Besides updates surrounding the 2016 Presidential campaign, today's media is littered with updates surrounding violence in the United States and the world. This is true for Latin America.
Considering the novel I recently read in class called, “The Taker and Other Stories" by Rubem Fonseca. It seems obvious that while it may not be the only source I draw upon, Latin America suffers from different forms of violence. One major source of violence in Latin America is that of class differences. That is to say that the impoverished people often feel especially discriminated against in society leading them to believe that those in power, more than often the wealthy, owe them something. The Taker and Other Stories, specifically the short stories of Happy New Year and The Other of this novel, do well to represent the problems that lead to violence associated with struggles between classes, mainly stemming from the gaps of wealth between the wealthy and the poor.
The short story, Happy New Year, helps demonstrate how class differences lead to tension and inevitably to violence.
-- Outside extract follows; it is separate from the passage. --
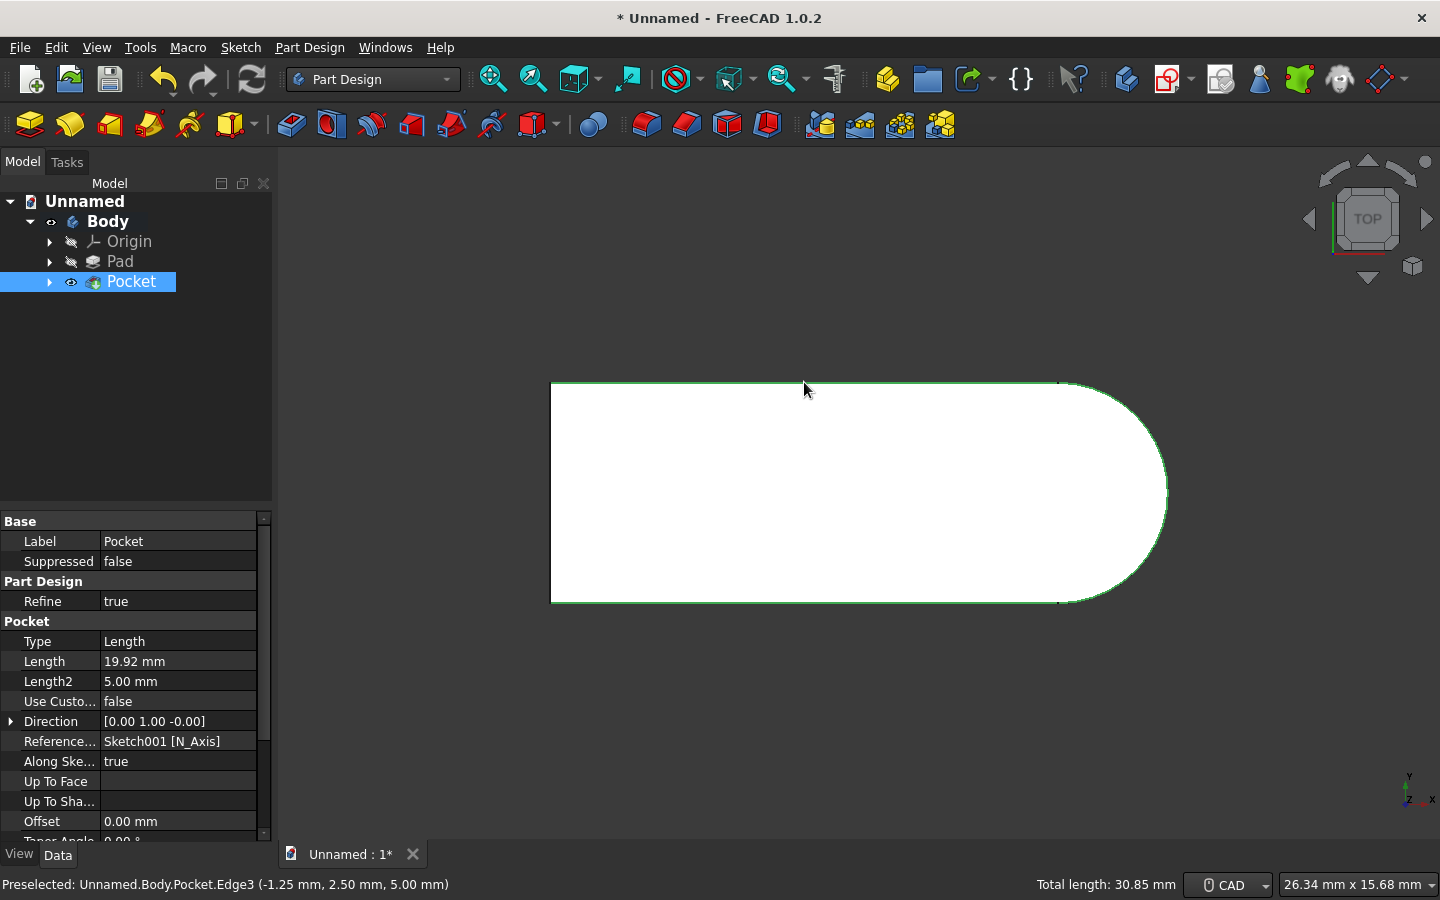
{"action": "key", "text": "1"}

Poorer men decide to murder and rob the wealthier people for several reasons that all stem from the common theme of dissatisfaction among classes. These men choose to rob and murder because they feel that the wealthier people owe them something more than money or material things. They feel that they are owed attention, and because they will not be given attention on an average day and they decide that in order to obtain it, they must take it. This desire to take attention and decision to act on it leads to the violent deaths of several wealthy and seemingly innocent people celebrating the New Year. One particularly blatant example of a demonstration of violence in the hopes for attention is shown by the robbers’ desire to see someone stick to the wall: “Watch how this one sticks.” It would be one thing to just kill the wealthy people but the men opt to kill them in more of an execution style which commands more attention and is more violent.
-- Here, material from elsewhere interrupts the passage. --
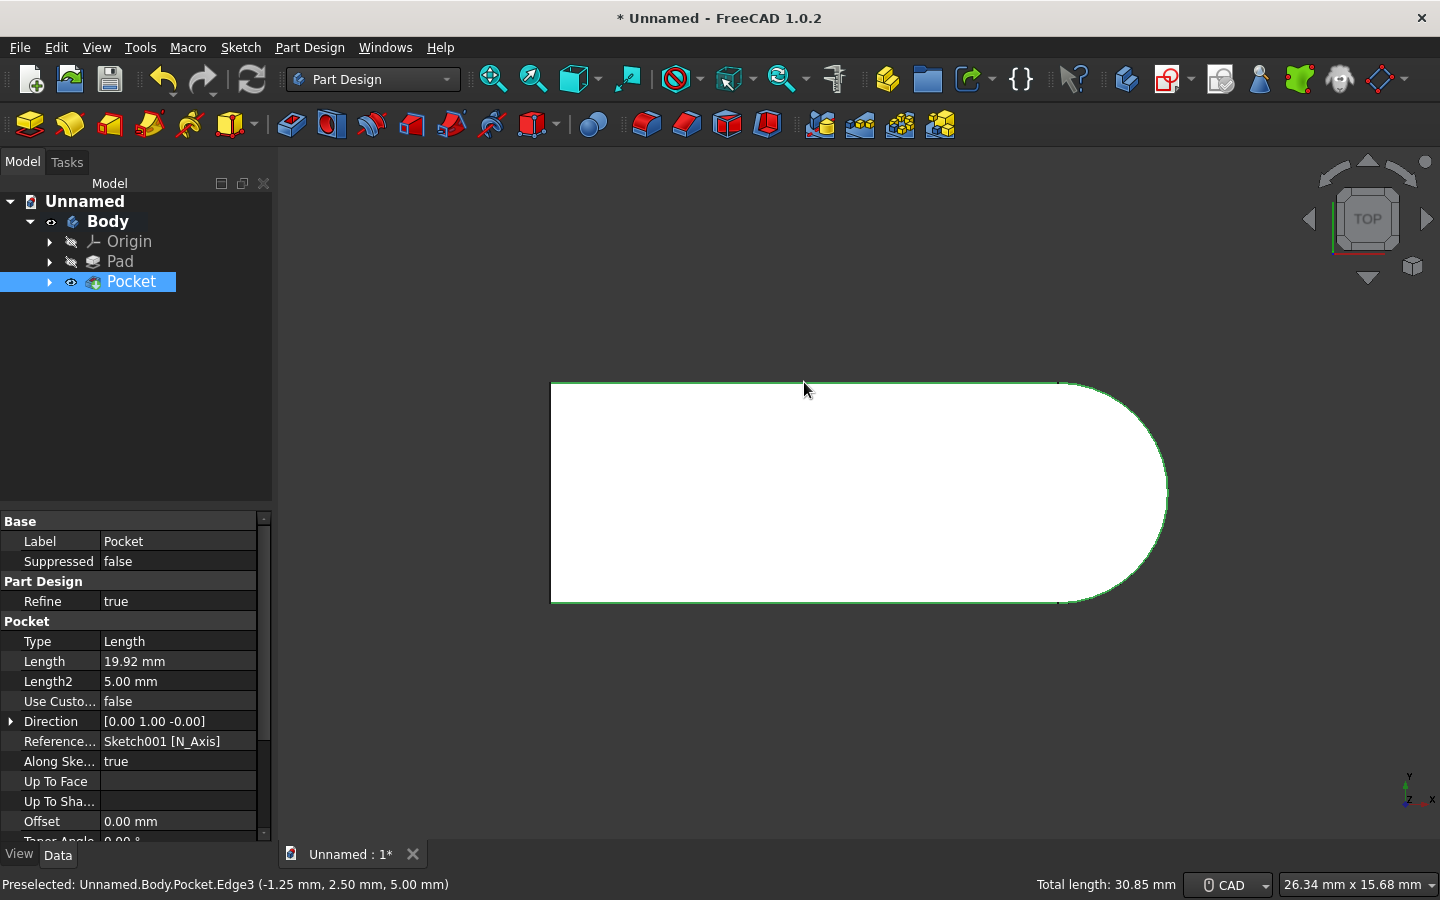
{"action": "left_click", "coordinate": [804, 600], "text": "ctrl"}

Similar to Happy New Year, The Other, demonstrates the tensions between the upper and lower classes. The ‘other’ represents the poor who live hard, difficult lives each day and the executive represents the typical professional upper class man. Before the executive had a heart problem, he never looked at the everyday struggles around him on the street. It isn’t until his own life is in danger that he begins to notice others who struggle on the street. That is when he begins to give money to the poor boy every day. I don’t think that in this case the poor feels entitled to attention but he surely looks to command emotional attention which the wealthy executive mistakes for a desire to receive a monetary gift. The boy says, “You’re the only one I have” but the executive is fed up with helping him by giving him what he thinks he wants: money. The executive decides to kill the boy and his act of violence shows that violence is not only for the poor. The violence cycles between the wealthy and the poor.
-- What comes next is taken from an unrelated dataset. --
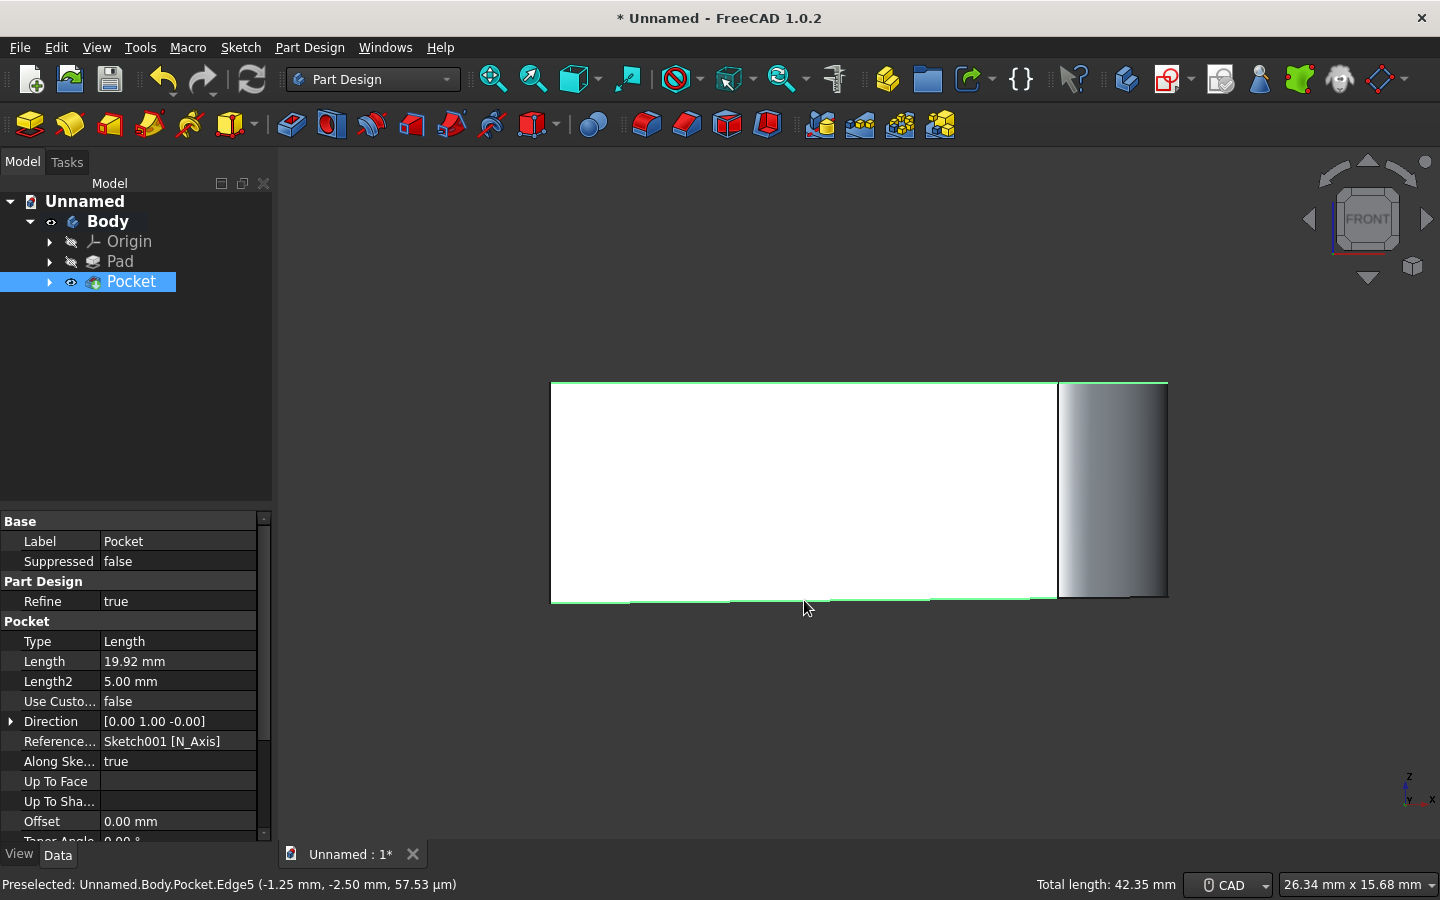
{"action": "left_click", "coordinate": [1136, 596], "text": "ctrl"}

These two examples have helped to reaffirm the idea that a vast amount of violence in Latin America is spurred on by differences among classes, specifically between the wealthy and those in poverty. In a very simplified manner, the lower class feels that the upper class owes them something and react against the upper class who will either deny them attention by ignoring them or respond with violence. These differences lead to a seemingly never ending cycle of hatred between the wealthy and the poor.